René Doche-Delisle
Saint-Claud 21 septembre 1760 - Lichères 14 octobre 1834.

Fils de Pierre Doche, chirurgien, et de Léonarde Gueri. Avocat au parlement de Paris jusqu'en 1790, où il revient pour épouser à Lichères Marie Delisle, d'où son patronyme composé qui n'a rien à voir avec la ville de Lille où biographes et dictionnaires du XIXe siècle l'ont fait naître. En juillet 1790 il est nommé administrateur du conseil du département en voie de formation, mais un an plus tard il siège comme administrateur dans le deuxième conseil du district de Confolens, ce qui ne peut s'expliquer que par une démission du premier mandat, ou une sortie par tirage au sort. En septembre 1791, juge au tribunal civil de Confolens ; en mars 1792 il est le premier en Charente à être admis, après un examen devant un jury départemental, à exercer la fonction de notaire public à Lichères. En octobre 1797, après le coup d'Etat anti-royaliste de Fructidor, il refuse la place d'administrateur du département. Il exerce la fonction de commissaire du Directoire exécutif près l'administration municipale du canton de Mansle, lorsque le 24 germinal an VI il est élu au Conseil des Cinq Cents. Il y intervient assez souvent, en particulier pour demander plus de fermeté face à l'opposition qui monte dans l'été de 1799. Il est le seul représentant de la Charente à protester contre le coup d'Etat du Dix-Huit Brumaire, ce qui lui vaut d'être arrêté le 23, mais remis en liberté très peu de temps après. Sur sa demande il est nommé directeur des contributions directes de la Charente et il restera à la tête de ce service jusqu'en 1815, en même temps qu'inspecteur pour le cadastre. Inscrit sur la liste des soixante de l'an XIII.

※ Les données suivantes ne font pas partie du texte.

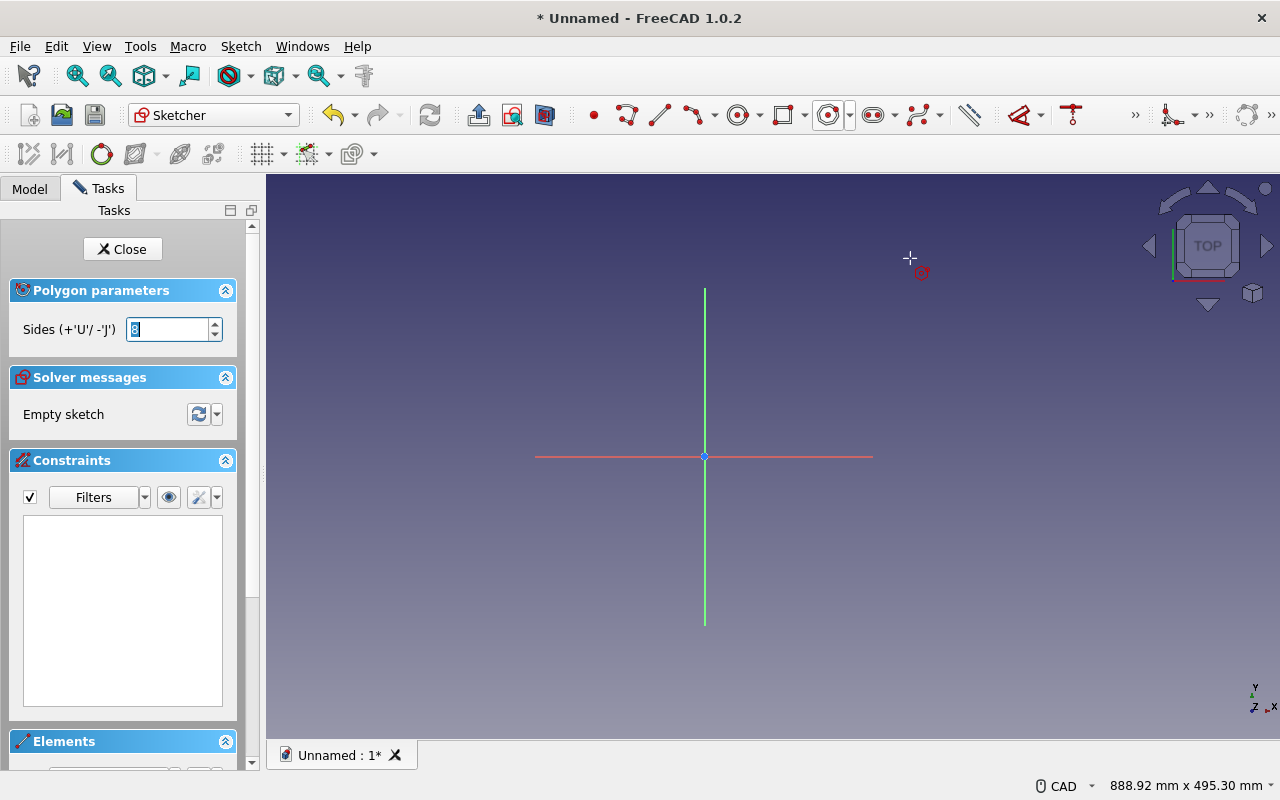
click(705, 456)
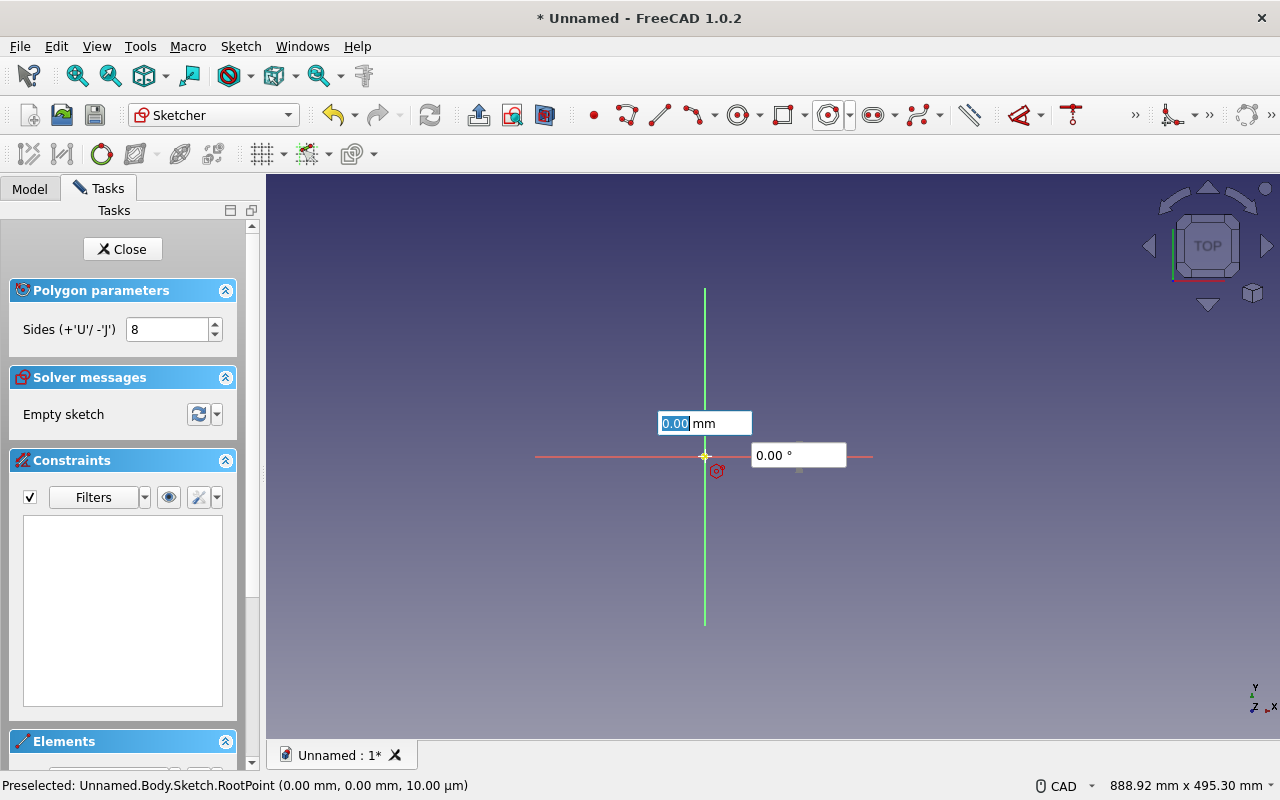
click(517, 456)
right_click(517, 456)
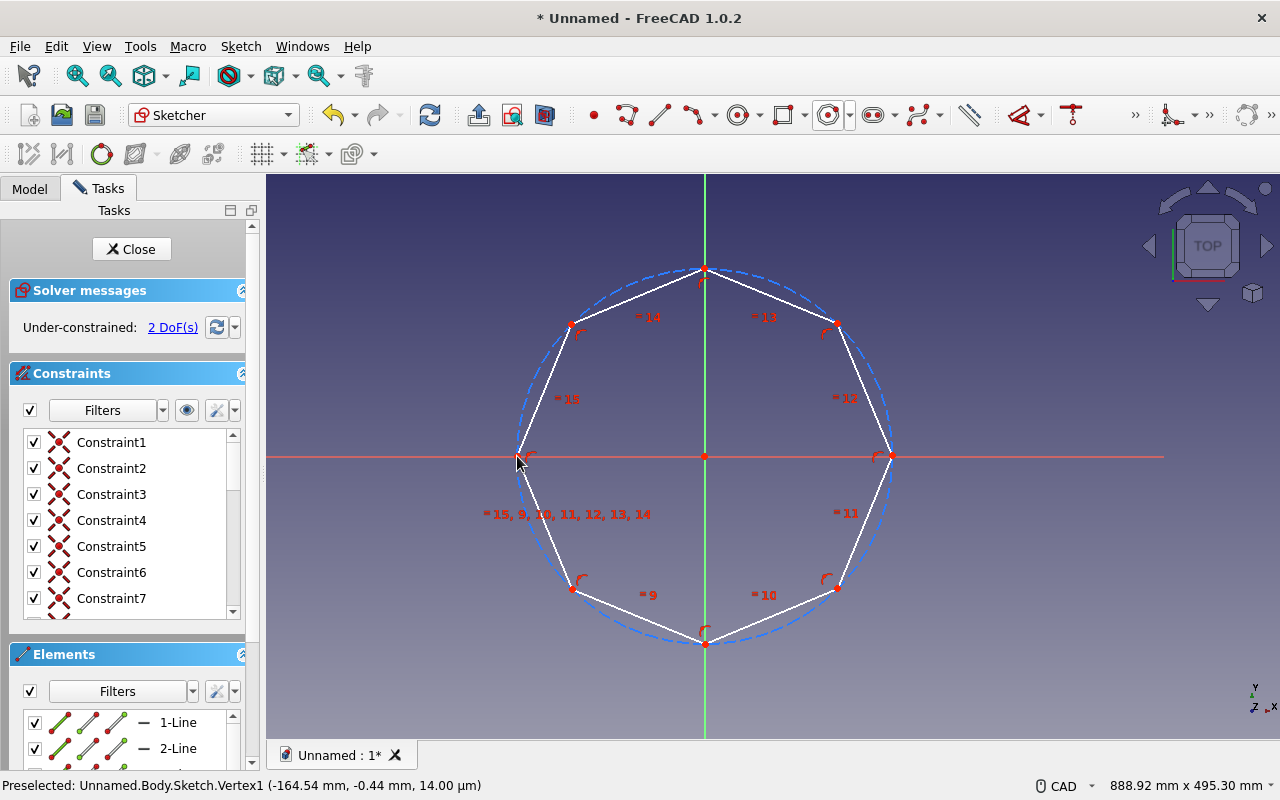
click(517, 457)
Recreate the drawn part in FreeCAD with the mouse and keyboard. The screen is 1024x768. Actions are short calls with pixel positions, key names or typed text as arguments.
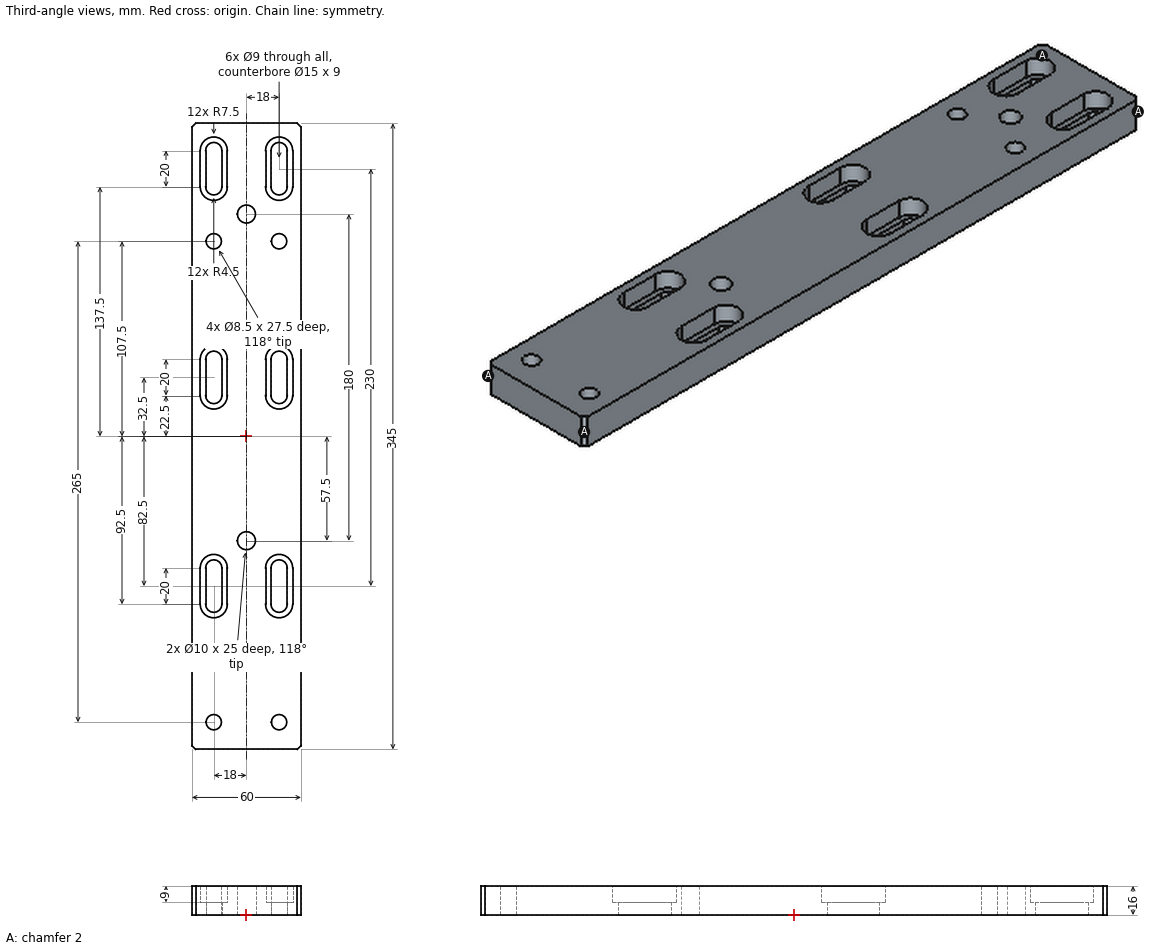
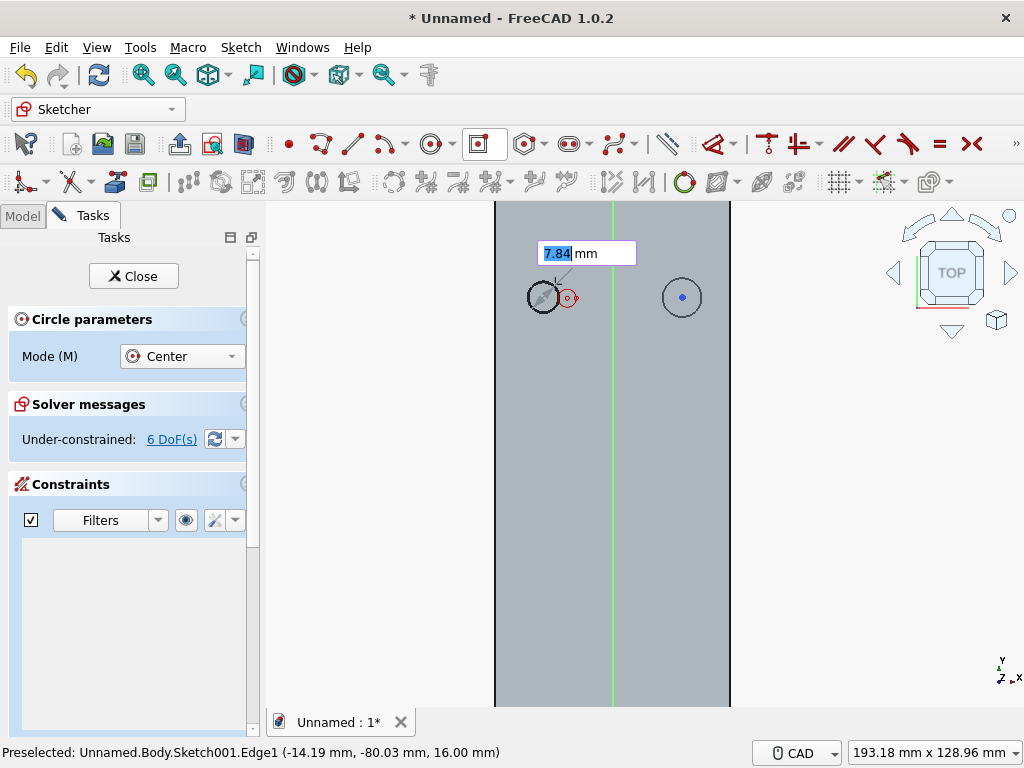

Son ralliement au Consulat lui fait écrire et publier avec l'appui du préfet une brochure intitulée "La supériorité de la Constitution de l'an VIII sur celle de l'an III". Appréciation du préfet, en 1807, sur ce fonctionnaire : "Attaché à l'ordre des choses, beaucoup de talents". Il perd sa place lors de la deuxième Restauration seulement, sans doute 9 la suite d'un engagement politique dans un éphémère comité de fédérés qui, en juin 1815, se prononçait à Angoulême en faveur de Napoléon. Auparavant, en janvier 1815, le préfet Milon de Mesne écrivait à son sujet : "A eu une opinion révolutionnaire très exagérée dont le souvenir se perd difficilement dans ce département, mais depuis les premiers moments de la Restauration il en est complètement revenu, manifeste les meilleurs principes... fait très bien servir les agents sous ses ordres".

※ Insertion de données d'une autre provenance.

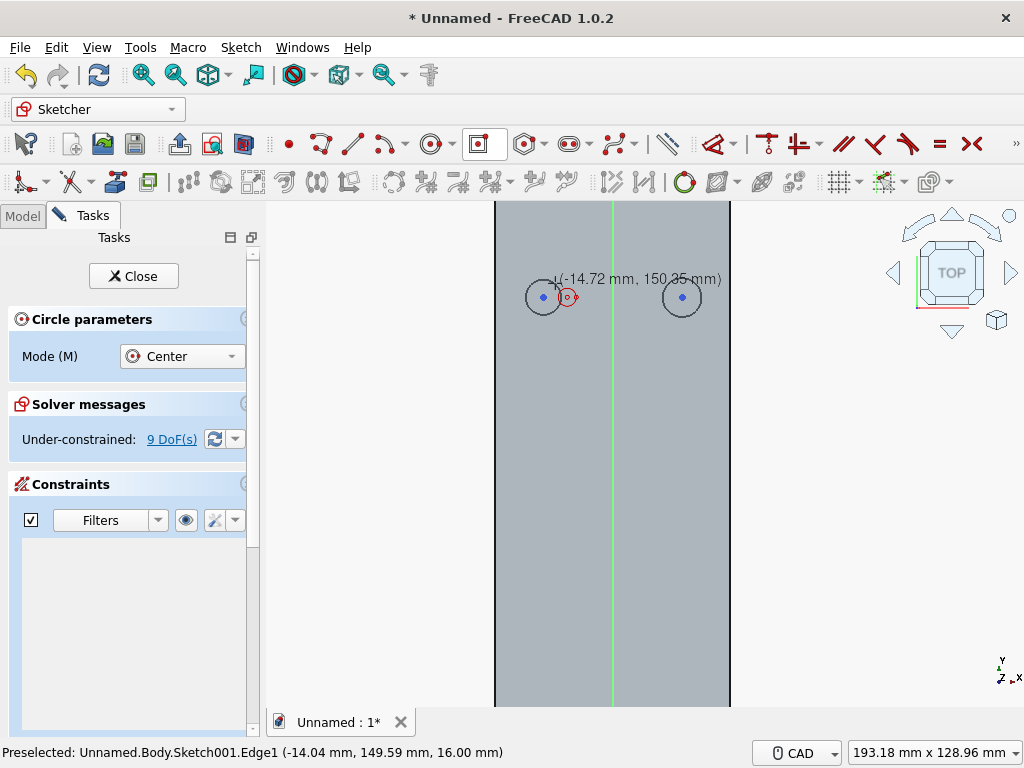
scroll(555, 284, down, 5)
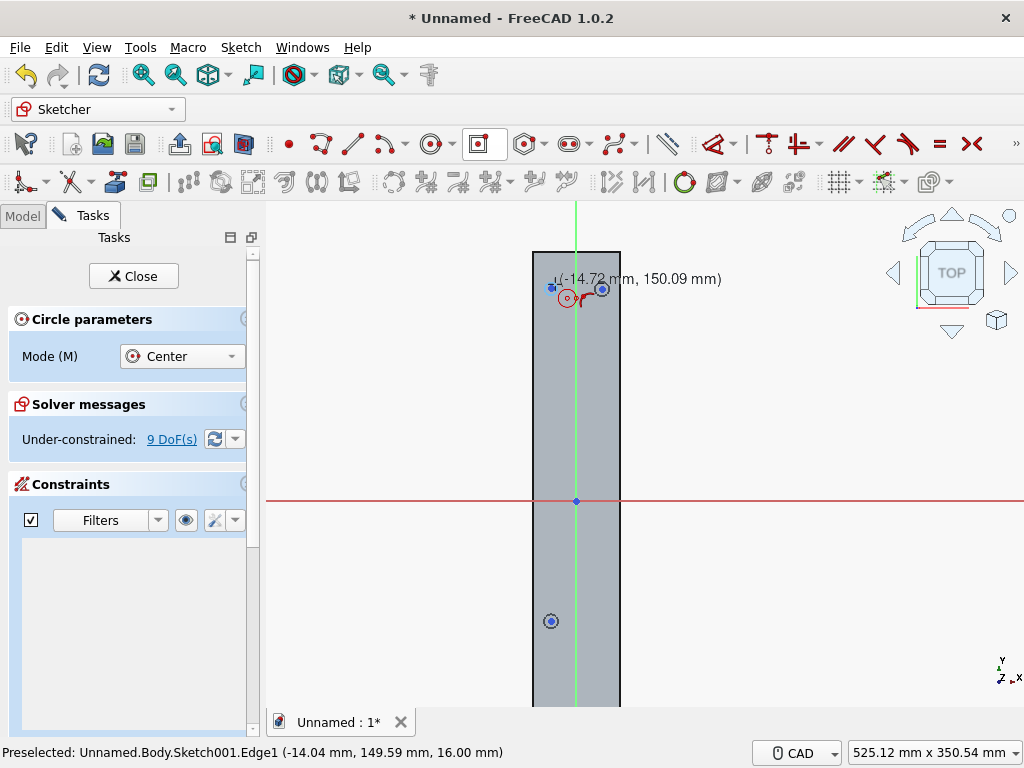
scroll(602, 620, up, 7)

De 1815 à 1830, il ne remplit plus aucune fonction publique. En 1831, il est nommé membre du conseil d'arrondissement de Ruffec et en janvier 1832, à son décès, il est maire de la commune de Lichères. Membre actif de la Société d'Agriculture du département, dont il fut le secrétaire général et l'archiviste. Initié très jeune dans une loge parisienne avant 1789, il joua un rôle important dans la maçonnerie charentaise sous l'Empire.

De son premier mariage, un fils, lieutenant, décédé, célibataire à 23 ans. Veuf, il avait épousé en secondes noces Marie-Françoise Guery, dont il eut cinq enfants. La déclaration de succession en 1835 indique une fortune faite surtout d'acquêts des communautés successives, pour une valeur globale qui approche de 47 500 F. Contributions directes : de l'ordre de 400 F.

Source : Grands notables du Premier Empire, de Jean Jézéquel.